Read an excerpt from the summary

In 1938, an educated person could choose from three big stories about where the world was headed: fascist, communist, or liberal. By 1968, two remained. By 1998, the liberal package had won outright — free markets, free elections, human rights, the end of history. When Yuval Noah Harari sat down to write *21 Lessons for the 21st Century* in 2018, the count had fallen to zero. Not because a new story had won, but because the old one had hollowed out and nothing had taken its place.

That zero is the room the book is written into. Harari's first book, *Sapiens*, zoomed all the way out to the human past. His second, *Homo Deus*, zoomed forward to a post-human future.

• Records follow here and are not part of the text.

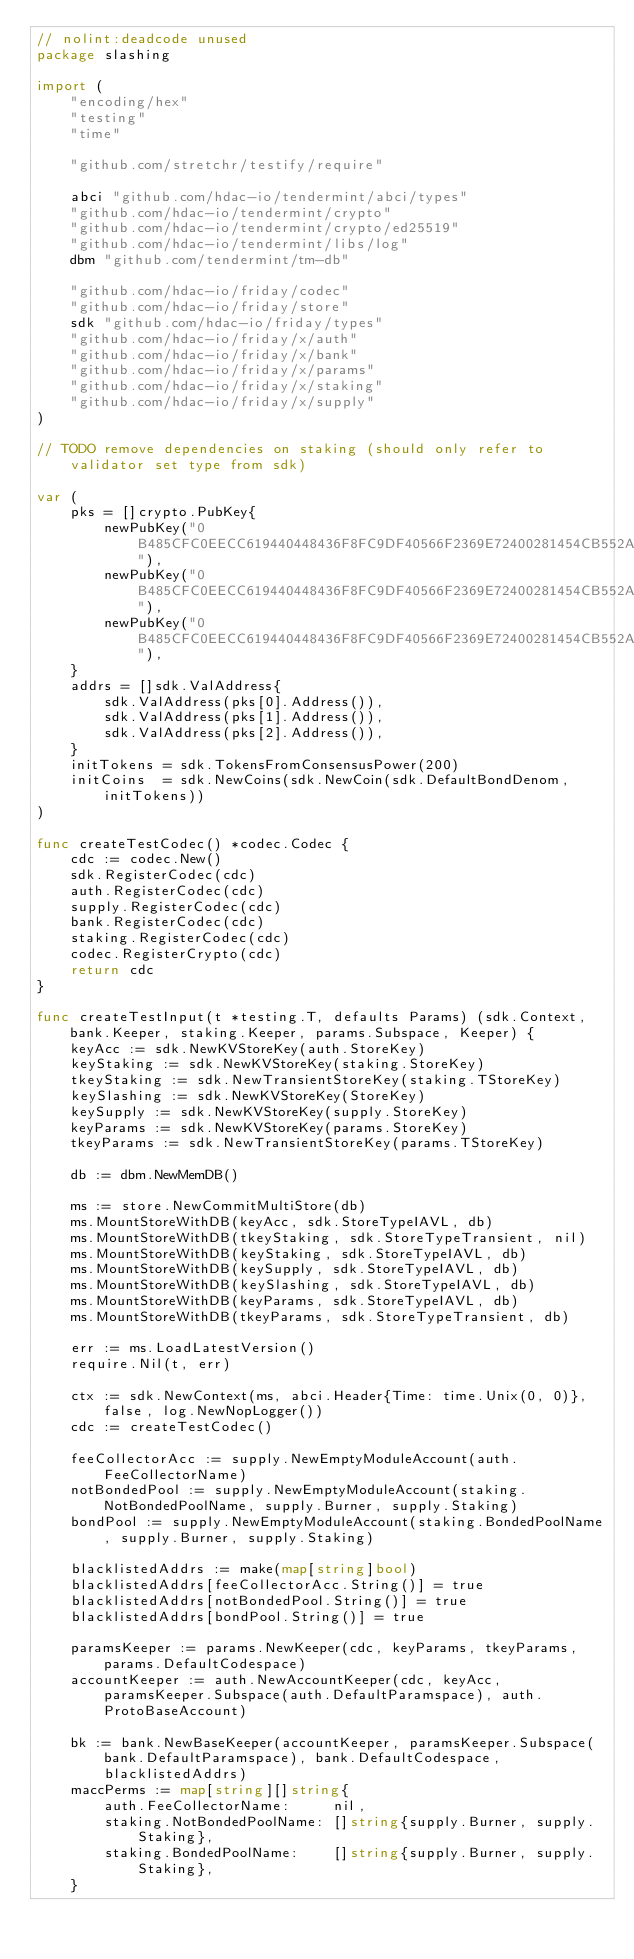Convert code to text. <code><loc_0><loc_0><loc_500><loc_500><_Go_>// nolint:deadcode unused
package slashing

import (
	"encoding/hex"
	"testing"
	"time"

	"github.com/stretchr/testify/require"

	abci "github.com/hdac-io/tendermint/abci/types"
	"github.com/hdac-io/tendermint/crypto"
	"github.com/hdac-io/tendermint/crypto/ed25519"
	"github.com/hdac-io/tendermint/libs/log"
	dbm "github.com/tendermint/tm-db"

	"github.com/hdac-io/friday/codec"
	"github.com/hdac-io/friday/store"
	sdk "github.com/hdac-io/friday/types"
	"github.com/hdac-io/friday/x/auth"
	"github.com/hdac-io/friday/x/bank"
	"github.com/hdac-io/friday/x/params"
	"github.com/hdac-io/friday/x/staking"
	"github.com/hdac-io/friday/x/supply"
)

// TODO remove dependencies on staking (should only refer to validator set type from sdk)

var (
	pks = []crypto.PubKey{
		newPubKey("0B485CFC0EECC619440448436F8FC9DF40566F2369E72400281454CB552AFB50"),
		newPubKey("0B485CFC0EECC619440448436F8FC9DF40566F2369E72400281454CB552AFB51"),
		newPubKey("0B485CFC0EECC619440448436F8FC9DF40566F2369E72400281454CB552AFB52"),
	}
	addrs = []sdk.ValAddress{
		sdk.ValAddress(pks[0].Address()),
		sdk.ValAddress(pks[1].Address()),
		sdk.ValAddress(pks[2].Address()),
	}
	initTokens = sdk.TokensFromConsensusPower(200)
	initCoins  = sdk.NewCoins(sdk.NewCoin(sdk.DefaultBondDenom, initTokens))
)

func createTestCodec() *codec.Codec {
	cdc := codec.New()
	sdk.RegisterCodec(cdc)
	auth.RegisterCodec(cdc)
	supply.RegisterCodec(cdc)
	bank.RegisterCodec(cdc)
	staking.RegisterCodec(cdc)
	codec.RegisterCrypto(cdc)
	return cdc
}

func createTestInput(t *testing.T, defaults Params) (sdk.Context, bank.Keeper, staking.Keeper, params.Subspace, Keeper) {
	keyAcc := sdk.NewKVStoreKey(auth.StoreKey)
	keyStaking := sdk.NewKVStoreKey(staking.StoreKey)
	tkeyStaking := sdk.NewTransientStoreKey(staking.TStoreKey)
	keySlashing := sdk.NewKVStoreKey(StoreKey)
	keySupply := sdk.NewKVStoreKey(supply.StoreKey)
	keyParams := sdk.NewKVStoreKey(params.StoreKey)
	tkeyParams := sdk.NewTransientStoreKey(params.TStoreKey)

	db := dbm.NewMemDB()

	ms := store.NewCommitMultiStore(db)
	ms.MountStoreWithDB(keyAcc, sdk.StoreTypeIAVL, db)
	ms.MountStoreWithDB(tkeyStaking, sdk.StoreTypeTransient, nil)
	ms.MountStoreWithDB(keyStaking, sdk.StoreTypeIAVL, db)
	ms.MountStoreWithDB(keySupply, sdk.StoreTypeIAVL, db)
	ms.MountStoreWithDB(keySlashing, sdk.StoreTypeIAVL, db)
	ms.MountStoreWithDB(keyParams, sdk.StoreTypeIAVL, db)
	ms.MountStoreWithDB(tkeyParams, sdk.StoreTypeTransient, db)

	err := ms.LoadLatestVersion()
	require.Nil(t, err)

	ctx := sdk.NewContext(ms, abci.Header{Time: time.Unix(0, 0)}, false, log.NewNopLogger())
	cdc := createTestCodec()

	feeCollectorAcc := supply.NewEmptyModuleAccount(auth.FeeCollectorName)
	notBondedPool := supply.NewEmptyModuleAccount(staking.NotBondedPoolName, supply.Burner, supply.Staking)
	bondPool := supply.NewEmptyModuleAccount(staking.BondedPoolName, supply.Burner, supply.Staking)

	blacklistedAddrs := make(map[string]bool)
	blacklistedAddrs[feeCollectorAcc.String()] = true
	blacklistedAddrs[notBondedPool.String()] = true
	blacklistedAddrs[bondPool.String()] = true

	paramsKeeper := params.NewKeeper(cdc, keyParams, tkeyParams, params.DefaultCodespace)
	accountKeeper := auth.NewAccountKeeper(cdc, keyAcc, paramsKeeper.Subspace(auth.DefaultParamspace), auth.ProtoBaseAccount)

	bk := bank.NewBaseKeeper(accountKeeper, paramsKeeper.Subspace(bank.DefaultParamspace), bank.DefaultCodespace, blacklistedAddrs)
	maccPerms := map[string][]string{
		auth.FeeCollectorName:     nil,
		staking.NotBondedPoolName: []string{supply.Burner, supply.Staking},
		staking.BondedPoolName:    []string{supply.Burner, supply.Staking},
	}</code>

This one stays uncomfortably close to the present — the next few decades — and asks what to do with a civilization that lost its plot midway through the chapter. The animating line is short and useful: "In a world deluged by irrelevant information, clarity is power." The book is not a manual. It is a writer trying to think clearly in public about twenty-one things at once, knowing each deserves a shelf to itself.

The View From Now

The structure walks outward and then back in. Part one asks what biotech and artificial intelligence are doing to liberal certainties. Part two asks whether the political units we still believe in — nations, religions, civilizations — can handle problems that do not respect borders. Part three turns to the fears that come with all of that: terrorism, war, the temptation to feel that we are the center of history. Part four is about truth, or the fact that we are a species that runs on stories whether they are true or not. Part five, the most personal section, asks what an individual should actually do with a head full of all this. Harari notes early that he criticizes liberal democracy not because it is uniquely bad but because it is "the most successful and most versatile political model humans have so far developed." The criticism is meant as maintenance, not demolition.